İSTANBUL (İGFA) – Göz Hastalıkları Uzmanı Prof. Dr. Banu Coşar, erken teşhis konulduğunda ise glokomun denetim altına alınabildiğine dikkat çekti.
Toplumda ortalama göz içi basıncı 16 mm Hg oluyor ve 11-21 mmHg aralığı olağan sayıldığına dikkati çeken Coşar, “Glokomun ‘normal tansiyonlu glokom’ ismi verilen ve göz içi basıncının olağan seyrettiği tipi olsa da, bu hastalık ekseriyetle yüksek göz içi basıncıyla birlikte görülüyor. En yaygın tipi olan primer açık açılı glokomda göz içindeki sıvıyı göz dışına atan kanallarda tıkanma oluyor, sıvı göz içinde birikiyor ve bunun sonucunda göz içi basıncı artıyor.
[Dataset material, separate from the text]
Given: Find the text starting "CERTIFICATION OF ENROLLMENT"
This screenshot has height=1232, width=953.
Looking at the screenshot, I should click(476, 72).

Bu basınç artışı da göz hududunda tahribata yol açıyor. Göz Hastalıkları Uzmanı Prof. Dr. Banu Coşar, glokomda en yaygın görülen primer açık açılı glokom için risk faktörlerini ‘yaşlanma, doğum denetim hapı kullanımı, diyabet, yüksek tansiyon, kalp-damar ve migren üzere hastalıklar’ olarak sıralıyor. Bunların yanı sıra aile öyküsünün de kıymetli bir risk faktörü olduğunu belirten Prof. Dr. Banu Coşar, “Risk çocuklarda 2 kat artarken, kardeşlerde ise daha da yükselerek 4 kat olmaktadır” dedi.
Primer açık açılı glokomda şayet hasar ilerlemediyse, başlangıçta görsel belirtiler olmadığını belirterek Göz Hastalıkları Uzmanı Prof. Dr. Banu Coşar, “Bu nedenle hastalar göz tabibine başvurmadıkları sürece glokomları olduğunu anlamazlar” ihtarında bulunarak, kelamlarına şöyle devam ediyor: “Glokoma ‘sinsi bir hastalık’ denmesinin nedeni budur. Hastalık fakat çok ilerlediğinde geri dönüşsüz görme alanı kaybı ve görme kaybı gelişebilmektedir. Glokom ilerlediğinde görme alanı yanlardan daralmaya başlamaktadır. Glokomu olanlar yanlarındaki eşyaları görmeyip, çarpabilirler. Bu durum otomobil kullanırken de güvenliği tehdit edebilir. Glokomun son evrelerinde ise tam körlük gelişebilmektedir” dedi.
GÖRME KAYBININ İLERLEMESİ ÖNLENEBİLİYOR!
Glokomun teşhis edilmesinde görüntüleme usulleri büyük kıymet taşıdığını belirten Coşar, “Bilgisayarlı görme alanı, pakimetri, stereo disk fotoğrafı, konfokal tarayıcı lazer oftalmoskop ile optik koherans tomografi (OCT) glokomun tespit edilmesinde başvurulan formülleri oluşturuyor. Yapılan çalışmalar, dünyada 6.5 milyon kişinin glokom nedeniyle kalıcı görme kaybı yaşadığını ortaya koyuyor. Halbuki erken teşhis ve tedavi sayesinde görme hududunda gelişecek olan hasar durdurulabiliyor, böylelikle görme kaybının ilerlemesi önlenebiliyor. Tedavide göz tansiyonunun birinci düzeyinden yüzde 25 oranında düşürülmesi hedefleniyor. Lakin her göz için hedeflenen göz içi basıncı; tedavi öncesindeki basınç bedeli, göz hududunda oluşan hasarın şiddeti, hasarın ilerleme riski ve hastanın yaşı üzere çeşitli faktörlere bağlı olarak saptanıyor” dedi.
Göz Hastalıkları Uzmanı Prof. Dr. Banu Coşar, glokomun göz damlaları, lazer ve ameliyat ile tedavi edildiğini belirterek, “Genellikle birinci etapta başvurulan göz içi damlaları sıklıkla tesirli olabilmektedir. Glokom damlaları 5 temel kümeden oluşurken, pek çok kombine ilaçlardan da faydalanılmaktadır” dedi.